Guy Cormier a le sens de la formule. Qui l’écoute ne peut que saluer le parcours de cet homme qui, loin d’être pressé, a compris très vite que c’était à lui-même de se prendre en main, et qui, par un heureux jeu de hasard combiné à ses compétences, est devenu le plus jeune président et chef de la direction du Mouvement Desjardins.

Invité au petit-déjeuner inspiration organisé par Alumni HEC Montréal le 2 mai 2018, le double diplômé de HEC Montréal est revenu sur son parcours et les convictions intimes qui guident son action à la tête du Mouvement Desjardins.

Un parcours atypique

Issu d’un milieu modeste – son père est électricien, sa mère est couturière à domicile –, Guy Cormier en tirera très jeune un goût pour le travail, érigé comme valeur au sein de la cellule familiale.

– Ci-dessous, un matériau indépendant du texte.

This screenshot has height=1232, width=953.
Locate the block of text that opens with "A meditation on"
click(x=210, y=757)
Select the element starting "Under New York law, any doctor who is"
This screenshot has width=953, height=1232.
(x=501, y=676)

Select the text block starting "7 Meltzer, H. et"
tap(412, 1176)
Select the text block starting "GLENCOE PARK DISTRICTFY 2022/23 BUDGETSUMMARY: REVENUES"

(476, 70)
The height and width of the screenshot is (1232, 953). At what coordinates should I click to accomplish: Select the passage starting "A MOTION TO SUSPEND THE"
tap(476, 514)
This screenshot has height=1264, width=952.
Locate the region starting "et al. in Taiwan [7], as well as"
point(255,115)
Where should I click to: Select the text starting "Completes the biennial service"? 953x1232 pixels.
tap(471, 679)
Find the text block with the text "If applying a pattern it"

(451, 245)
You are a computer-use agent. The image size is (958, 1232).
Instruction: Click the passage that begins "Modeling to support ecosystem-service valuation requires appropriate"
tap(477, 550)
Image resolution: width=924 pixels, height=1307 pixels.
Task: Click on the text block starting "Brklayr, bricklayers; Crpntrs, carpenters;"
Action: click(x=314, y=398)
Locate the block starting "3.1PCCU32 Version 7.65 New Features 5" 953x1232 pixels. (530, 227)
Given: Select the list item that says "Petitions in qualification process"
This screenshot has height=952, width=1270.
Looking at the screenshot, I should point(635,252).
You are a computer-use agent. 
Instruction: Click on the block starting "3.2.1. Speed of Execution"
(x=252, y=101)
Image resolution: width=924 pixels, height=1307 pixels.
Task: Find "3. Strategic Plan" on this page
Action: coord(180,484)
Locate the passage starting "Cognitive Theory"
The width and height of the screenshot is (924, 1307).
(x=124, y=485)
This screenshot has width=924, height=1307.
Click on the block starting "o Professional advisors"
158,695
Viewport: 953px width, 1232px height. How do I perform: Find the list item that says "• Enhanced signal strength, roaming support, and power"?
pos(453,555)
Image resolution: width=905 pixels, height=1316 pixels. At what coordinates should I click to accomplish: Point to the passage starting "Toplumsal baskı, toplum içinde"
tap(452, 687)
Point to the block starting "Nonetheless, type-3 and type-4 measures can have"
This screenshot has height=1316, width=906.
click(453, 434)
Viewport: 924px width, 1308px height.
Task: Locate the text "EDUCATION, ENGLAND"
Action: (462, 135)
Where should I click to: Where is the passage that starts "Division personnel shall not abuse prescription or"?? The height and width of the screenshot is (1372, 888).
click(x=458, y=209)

Diplômé de HEC Montréal en 1991, Guy Cormier se heurte à un contexte économique moribond, où les emplois sont rares. « Quand tu es étudiant à HEC Montréal, on n’a de cesse de te répéter que ce sont des postes de direction qui t’attendent à la fin de tes études. Manifestement, ce n’était pas le cas à mon époque » s’amuse-t-il, l’œil goguenard. Il devient alors caissier à la Caisse populaire de Saint-Luc, à Saint-Jean-sur-Richelieu. « Ça a été un beau choc cette première expérience de travail. Elle m’a appris l’humilité » affirme-t-il.

S’en suivent 17 années passées sur le terrain, à évoluer dans différents postes, à retourner aux études le temps d’un MBA décroché à HEC Montréal, et à gravir un à un les échelons de la hiérarchie. 17 années qui le conduiront à finalement entrer à la Fédération des caisses Desjardins du Québec comme vice-président aux finances en 2009. Avait-il planifié cette ascension  fulgurante ? Sûrement pas.

« Tout n’est pas planifié. D’ailleurs comment cela pourrait l’être ? Une carrière, c’est avant tout beaucoup de hasard et d’opportunités, une question de moments et de personnes » assure le jeune président. Quand il entre au comité de direction en 2012, Guy Cormier est loin de convoiter le poste de président. « Commence par bien faire le travail pour lequel tu es payé avant de faire des plans sur la comète », telle est la philosophie qui a guidé sa carrière professionnelle.

Petit à petit pourtant, l’idée chemine dans son esprit. Mais Guy Cormier se refuse à prendre une décision sans l’aval de ses proches, son épouse et ses 4 enfants. « Briguer la présidence d’un tel mouvement n’allait pas sans entraîner de gros bouleversements pour ma famille » reconnait-il. Ce n’est qu’avec leur accord qu’il décide finalement de se lancer. Guy Cormier prend les rênes du Mouvement Desjardins en avril 2016. Il a alors 46 ans.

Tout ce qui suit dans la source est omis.